Il sottotitolo di questa verifica è “36 occasioni perdute”. 36 occasioni perdute perchè è una pellicola
che poteva essere il supporto su cui fissare 36 scatti ma non ne è stato fatto neanche uno.
“La fotografia che ho intitolato Omaggio a Nièpce è il risultato di un riesame del mio lavoro di
fotografo che ho fatto alcuni anni fa. Ho dedicato a Nièpce questo primo lavoro, perché la prima cosa
con la quale mi sono trovato a fare i conti è stata proprio la pellicola, la superficie sensibile,
l'elemento cardine chiave di tutto il mio mestiere, che è poi il nucleo intorno al quale ha preso corpo
l'invenzione di Nièpce. Una verifica, che è prima di tutto un omaggio, un gesto di gratitudine, un dare
a Nièpce quello che è di Nièpce. Per una volta il mezzo, la superficie sensibile, diventa protagonista;
non rappresenta altro che se stesso. Siamo di fronte a un rullo vergine sviluppato; il pezzettino che è
rimasto fuori del caricatore ha preso luce indipendentemente dalla mia volontà, perché è il
pezzettino che prende 'sempre' luce quando si deve innestare la pellicola sulla macchina: è un fatto
fotografico puro. Prima ancora che il fotografo faccia qualsiasi operazione, già è avvenuta qualche
cosa. Oltre a questo pezzettino che prende luce all'inizio, ho voluto salvare anche il tratto finale,
quello che aggancia la pellicola al rocchetto. Un pezzettino che non si usa mai, che non viene mai alla
luce, che si butta via, eppure è fondamentale, è il punto dove finisce una sequenza fotografica.

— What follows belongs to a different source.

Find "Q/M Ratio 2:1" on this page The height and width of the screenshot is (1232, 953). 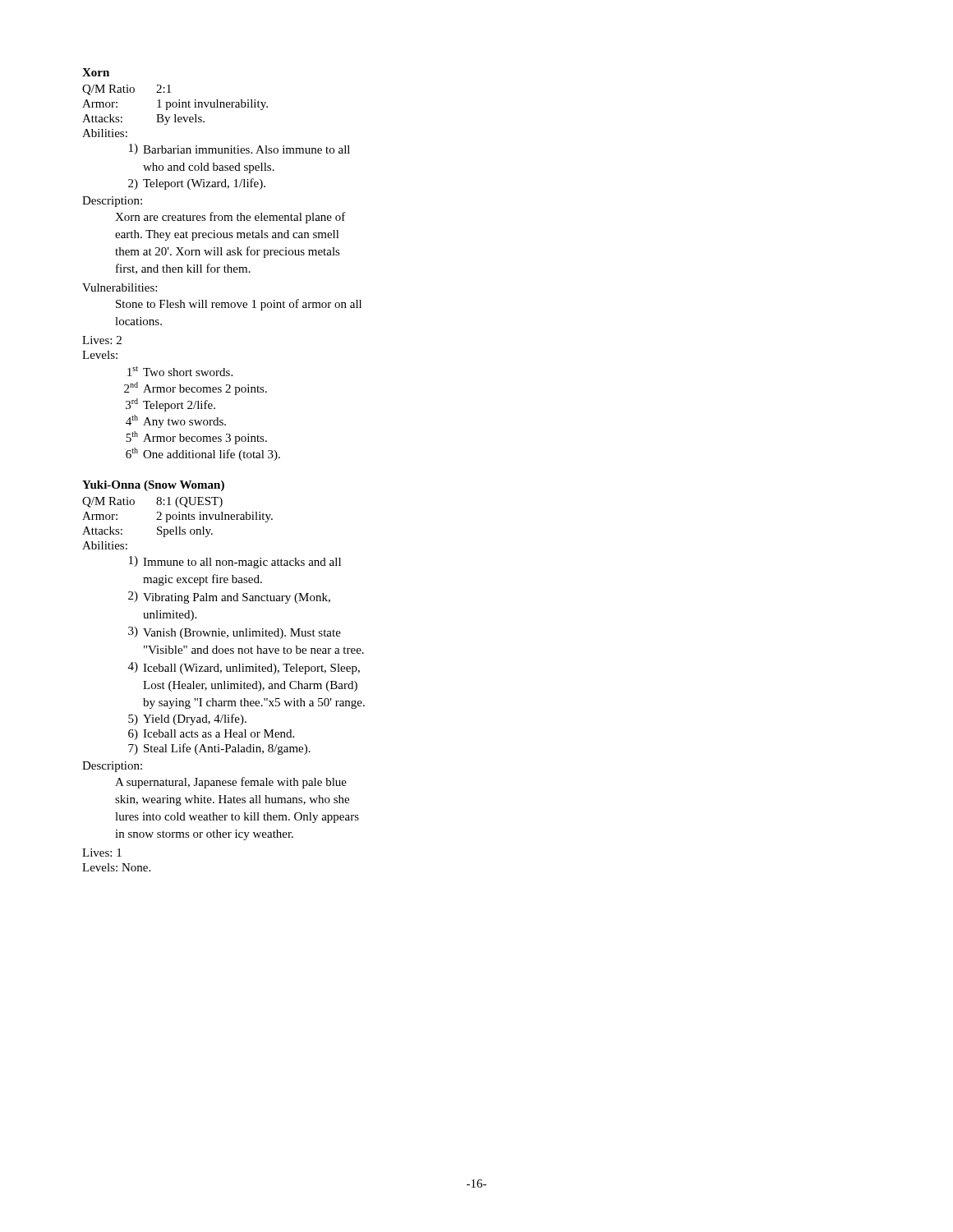coord(127,89)

Mettere l'accento su questo pezzetto vuol dire mettere l'accento sul momento in cui togli dalla
macchina la pellicola per portarla in laboratorio. Vuol dire chiudere. Anche questa è una presenza
fotografica, perché, essendoci ancora appiccicata della colla che fa corpo, la luce in quel punto non
passa. Potrei aggiungere che questo omaggio a Nièpce rappresenta trentasei occasioni perdute, anzi,
trentasei occasioni rifiutate, in un tempo in cui,come scrive Robert Frank riferendosi al
fotogiornalismo, l'aria è divenuta infetta per la puzza di fotografia.”